In the post-relief stage, some companies responded passively, either being helpless and giving up relief, or passively accepting losses such as frozen funds as an established fact, ignoring legal relief channels, resulting in many recoverable losses that ultimately could not be recovered. Liu Rundong said, "In fact, sanctions-related disputes are not without the possibility of relief. Whether it is the third country's own administrative relief procedures such as clarification, licensing, and unfreezing, or through dispute resolution methods such as litigation and arbitration, as well as relying on the increasingly mature official rescue guidance system provided by governments at all levels in my country, effective relief can be obtained. Especially in cases of fund freezing, more than half of the cases can be unfrozen through legal channels."
Chen Yanhong gave specific suggestions: after enterprises encounter relevant risks, they should retain evidence as soon as possible and completely preserve all materials such as contracts, communication records, performance vouchers, etc.; promptly evaluate the validity, performance status and claimable rights of the contract; seek professional legal advice as soon as possible to determine whether temporary relief measures such as preservation can be applied; and at the same time, issue formal written letters to state their position in accordance with the law, laying a solid foundation for subsequent litigation or mediation.
It is worth noting that this case has formed a handling model that combines "pre-litigation preservation + ship live arrest + cross-border counter-guarantee + court mediation", which is replicable in similar maritime and foreign-related cases.
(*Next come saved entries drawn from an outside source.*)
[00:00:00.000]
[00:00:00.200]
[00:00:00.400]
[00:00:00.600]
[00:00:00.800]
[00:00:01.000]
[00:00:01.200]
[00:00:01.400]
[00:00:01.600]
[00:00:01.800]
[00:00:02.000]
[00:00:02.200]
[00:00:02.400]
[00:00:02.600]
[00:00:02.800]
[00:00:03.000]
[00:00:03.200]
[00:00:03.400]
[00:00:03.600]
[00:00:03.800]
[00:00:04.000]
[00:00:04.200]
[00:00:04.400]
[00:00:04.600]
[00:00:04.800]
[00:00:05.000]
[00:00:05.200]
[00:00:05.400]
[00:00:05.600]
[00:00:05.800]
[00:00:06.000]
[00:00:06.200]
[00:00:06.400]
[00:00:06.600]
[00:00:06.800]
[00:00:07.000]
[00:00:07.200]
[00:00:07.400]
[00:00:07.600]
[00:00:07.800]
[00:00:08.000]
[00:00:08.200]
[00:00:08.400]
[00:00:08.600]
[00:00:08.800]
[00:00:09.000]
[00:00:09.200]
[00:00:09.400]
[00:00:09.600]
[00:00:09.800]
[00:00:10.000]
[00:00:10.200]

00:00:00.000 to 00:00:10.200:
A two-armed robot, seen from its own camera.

Chen Yanhong believes that these measures are based on my country's existing civil litigation and maritime litigation systems, are in line with procedural jurisprudence and judicial practice, and can provide important reference for the handling of cross-border transaction disputes such as ships, equipment, and engineering. When specifically applicable, enterprises can make adjustments based on actual circumstances such as the subject matter of the case, property type, transaction structure, etc., to form a dispute resolution solution adapted to individual cases.
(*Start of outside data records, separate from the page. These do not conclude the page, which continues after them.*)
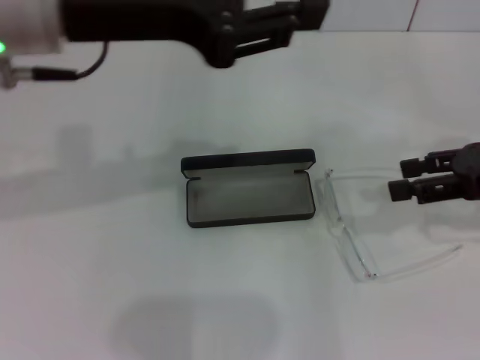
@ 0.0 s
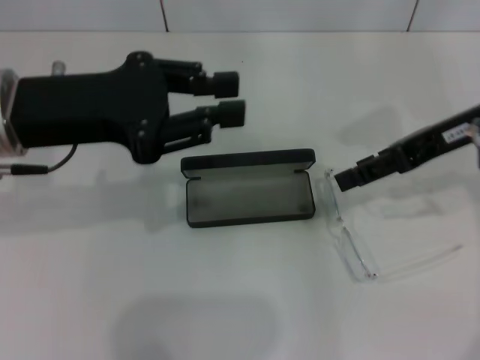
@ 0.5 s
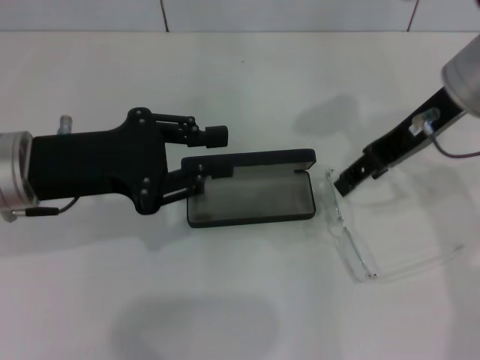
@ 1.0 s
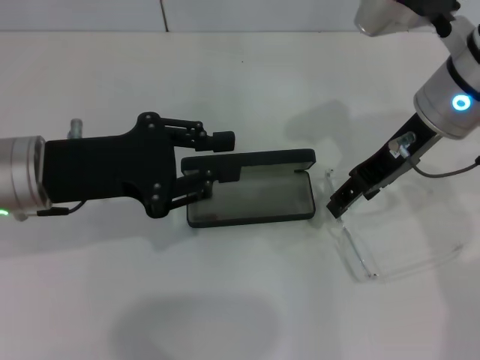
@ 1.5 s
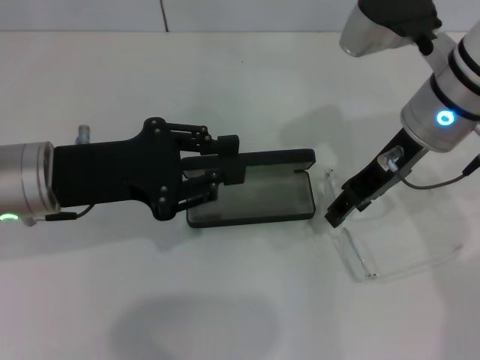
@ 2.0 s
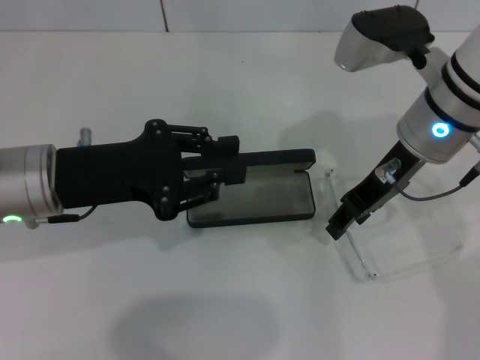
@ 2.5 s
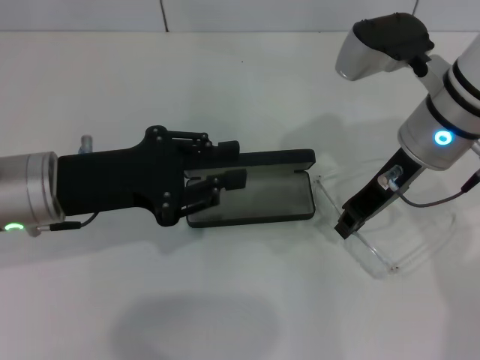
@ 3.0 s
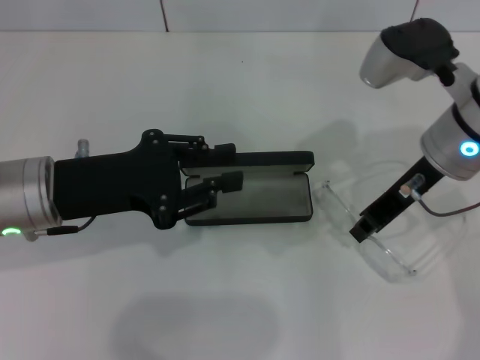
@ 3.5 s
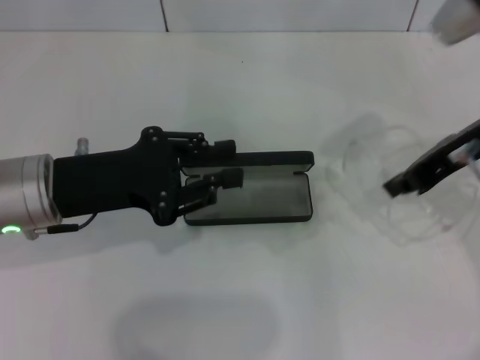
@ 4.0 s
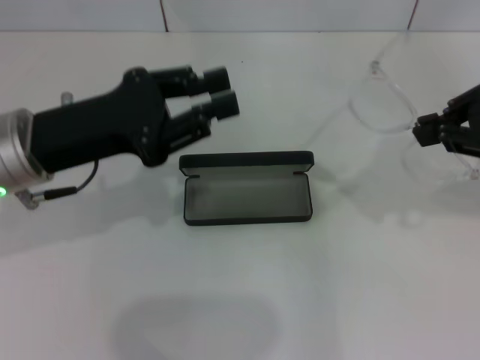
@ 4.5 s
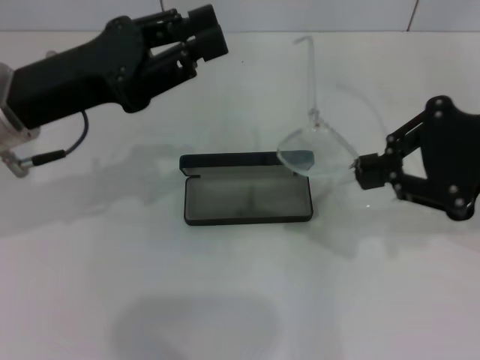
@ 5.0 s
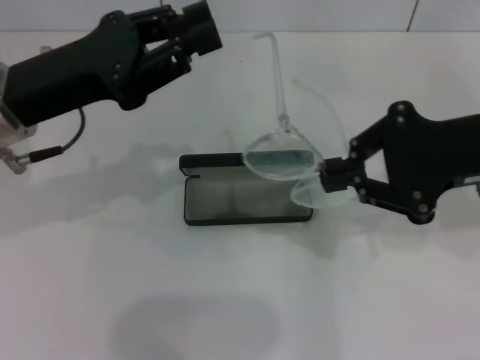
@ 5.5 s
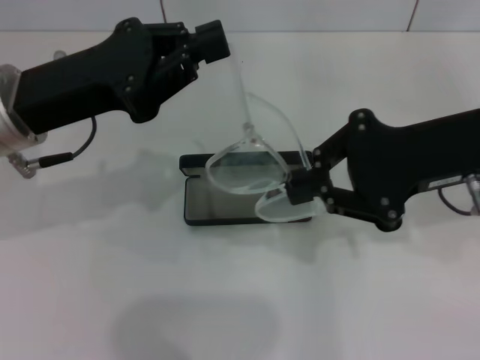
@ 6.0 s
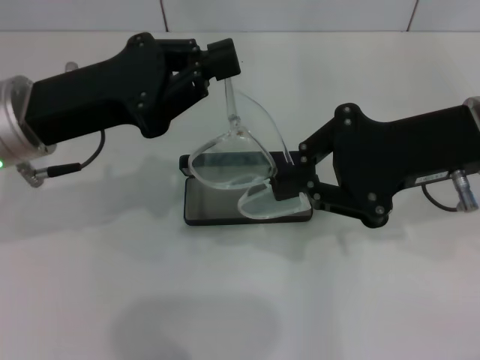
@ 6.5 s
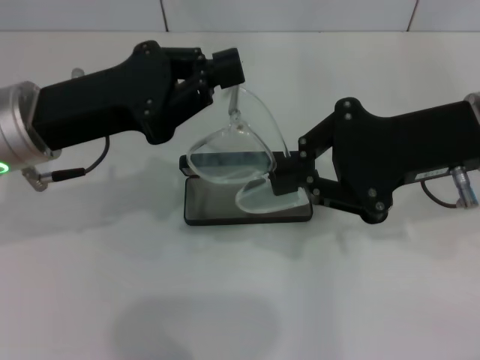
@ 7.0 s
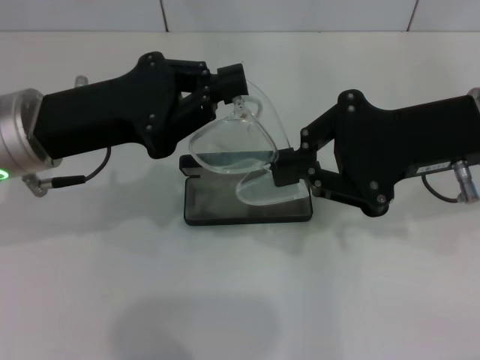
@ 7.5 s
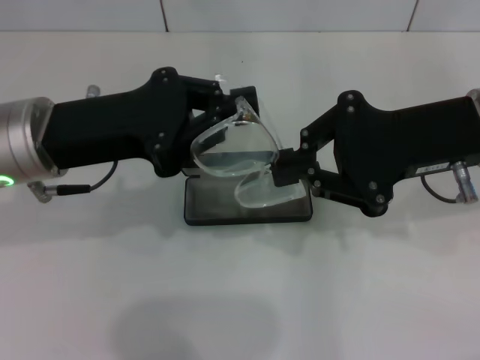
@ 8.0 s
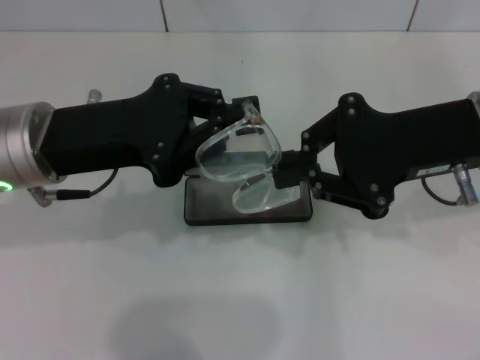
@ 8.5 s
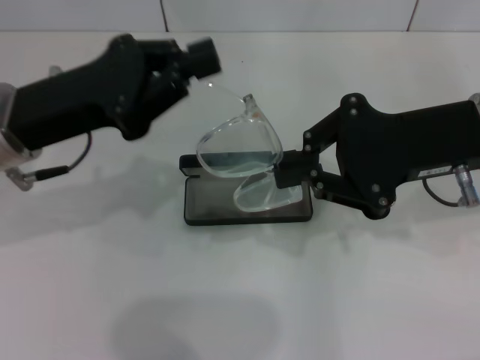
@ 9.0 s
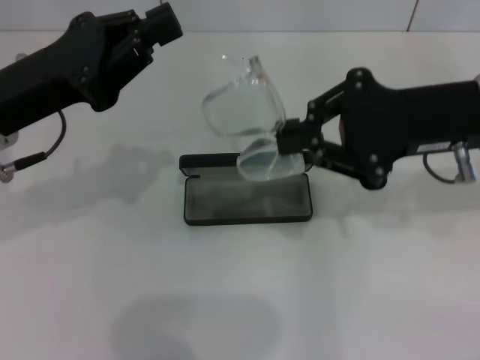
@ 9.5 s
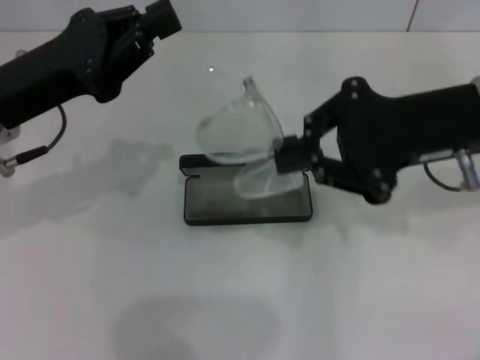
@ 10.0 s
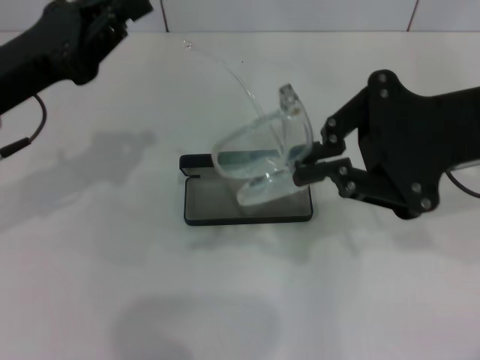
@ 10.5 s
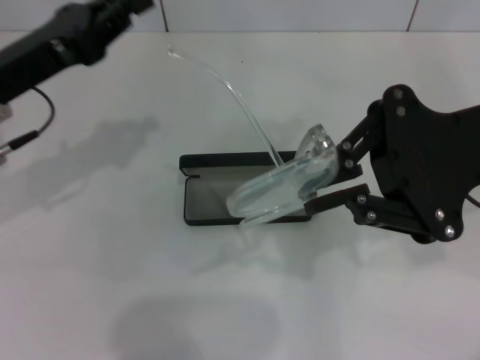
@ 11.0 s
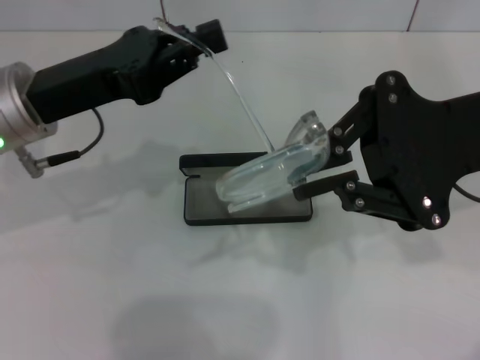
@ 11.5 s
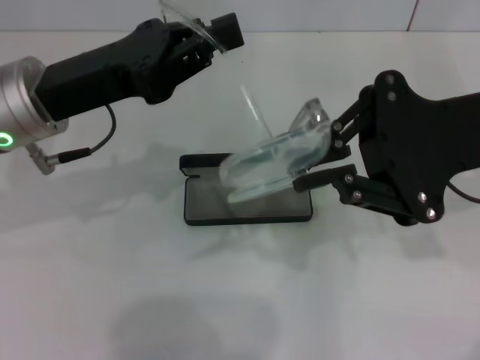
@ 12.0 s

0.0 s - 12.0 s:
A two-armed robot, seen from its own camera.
Step, 0.0 s - 3.0 s: Grab the eyeglass frame with your right hand.
0.0 s - 2.0 s: The right gripper shifts about 15 cm to the left, while the left gripper is displaced downward by approximately 15 cm.
2.0 s - 4.0 s: The right gripper shifts roughly 5 cm to the right, and closes.
4.0 s - 6.0 s: The left gripper heads upward, covering some 5 cm.

In terms of foreign-related contract design, Chen Yanhong suggested that Chinese companies can improve terms in many aspects and enhance risk prevention capabilities. In terms of legal application and jurisdiction clauses, priority should be given to agreeing on the application of Chinese law and the jurisdiction of Chinese courts or arbitration institutions to improve the predictability of dispute resolution; in terms of relevant restrictive measures, legal compliance requirements and inappropriate external pressure should be clearly distinguished to avoid simply including unreasonable extraterritorial restrictions within the scope of exemption; in terms of force majeure clauses, the applicable circumstances and the burden of proof should be clearly defined to prevent foreign parties from arbitrarily citing this clause as a reason for breach of contract. At the same time, notification, negotiation, and risk sharing mechanisms can be set up in the contract to clarify the handling process when one party encounters improper interference. Risk allocation and relief paths can be written into the contract as much as possible to strengthen the protection of one's own rights.